Tanışıklı dövüş
Transferde sessiz kalan büyük kulüpler için "Birbirlerini kolluyorlar. Biri adım atıp yıldız alsa diğerleri peşinden gelecek" demiştiniz. Sizce bu konuyu aralarında konuşup anlaştılar mı? Aralarında konuşmalarına gerek yok. Kaldı ki; başkanlar ve yöneticiler bu konuları bol bol telefonda konuşurlar. Ortada bir zımni mutabakat var. Beşiktaş ve Galatasaray yöneticileri Ribery'den sonra futbolcu transfer etmenin daha da zorlaştığını laf arasında söylüyorlar. Bunun anlamı şu: Ekonomik durumdan dolayı kolay kolay büyük tranfsere girmeyecekler. Bu tanışıklı (özellikle 'd' değil, 't' diyorum) gibi görünen dövüşü bozarsa Fenerbahçe bozar. Transferin son günlerine doğru büyük bir yıldızı transfer eder, Beşiktaş ile Galatasaray da transfer yapacak zamanı bulamadan transfer sezonunu kapatırlar. Bugüne kadar yapılanlar oyalama. 15 Temmuz'a geldik. 20 gün sonra lig başlayacak. Kimi aldatıyorlar? Futbolcuyu bulsalar, anlaşmayı yapsalar, hemen getirseler, en azından bir hafta bürokrasisi sürer. Kamp başlamış, bitiyor. Ligin başlamasına iki hafta kala "Turist Ömer" gibi adamı alıp, bir-iki hafta içerisinde lig maçına mı çıkaracaklar?

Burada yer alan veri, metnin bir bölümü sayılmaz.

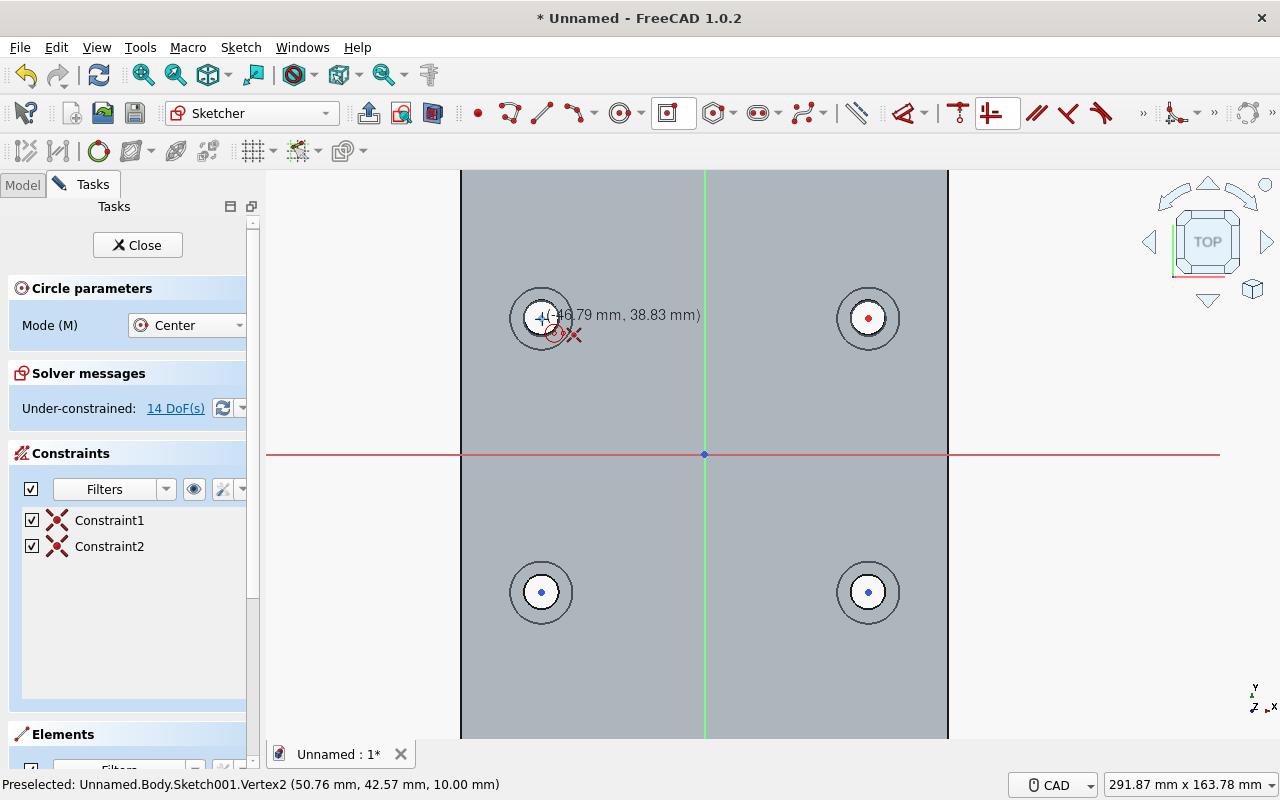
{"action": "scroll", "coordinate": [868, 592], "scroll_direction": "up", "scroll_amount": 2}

Dillerdeki "Artık Türkiye'ye transfer zor. Adama kulübünde aldığı ücretin iki katını öneriyoruz ama futbolcu Türkiye'ye gelmek istemiyor" ifadesinde gerçek payı ne kadar? Yoksa bu bir bahane mi? Kimse beni aldatmasın. İstendi mi, Beşiktaş da, Fenerbahçe de, Galatasaray da sapına kadar istediği futbolcuyu alır. Geçen yıl nasıl alındı Carew'ler, Alex'ler, Conceiçao'lar, Anelka'lar? Geçen sene gelen futbolcu bu sene mi gelmekten vazgeçti? Yok böyle bir şey! Ribery olayı da Avrupa'da futbol piyasasını etkileyecek kadar büyük bir olay değil. Sonuçta ne oluyor? Avrupa'da sabıkası pek de iyi olmayan Marsilya Kulübü ile Galatasaray Kulübü arasında bir anlaşmazlık var. İki kulübün yöneticileri masanın iki yanındalar. Bir türlü çözecekler. "Bu işten dolayı Türkiye'ye futbolcu gelmiyor" demek, Türkiye'yi göz göre göre sanal biçimde yabancılara şikayet etmektir.
Zalad'ın Beşiktaş kampındaki görüntüsü sizi rahatsız etti mi? Yazıklar olsun! Hiçbir şey bilmiyorlarsa; gitsinler, otursunlar, Tuğrul Yenidoğan'ın 100. Yıl Belgeseli'ni bir daha izlesinler. Orada Zalad'ın 8-0'lık maçta nasıl goller yediğini unutmuşlardır, bir daha görsünler. Yetmediyse; bizim Sinan'la (Engin) konuşsunlar. O sırada Ankaragücü takımındaydı Sinan. Zalad'ın yediği o goller Beşiktaş'ın tarihine "Şerefli ikincilikler" kelimesini yazdırmıştır. İnsan hiç olmazsa onu hatırlar, o Zalad'ı değil Beşiktaş takımının kamp yaptığı yerden, Beşiktaş semtinden içeri sokmaz. Eğer Zalad gibilere bunu yapmazsanız Beşiktaş'ın büyüklüğünü, futbolun temizliğini dünya aleme gösteremezsiniz.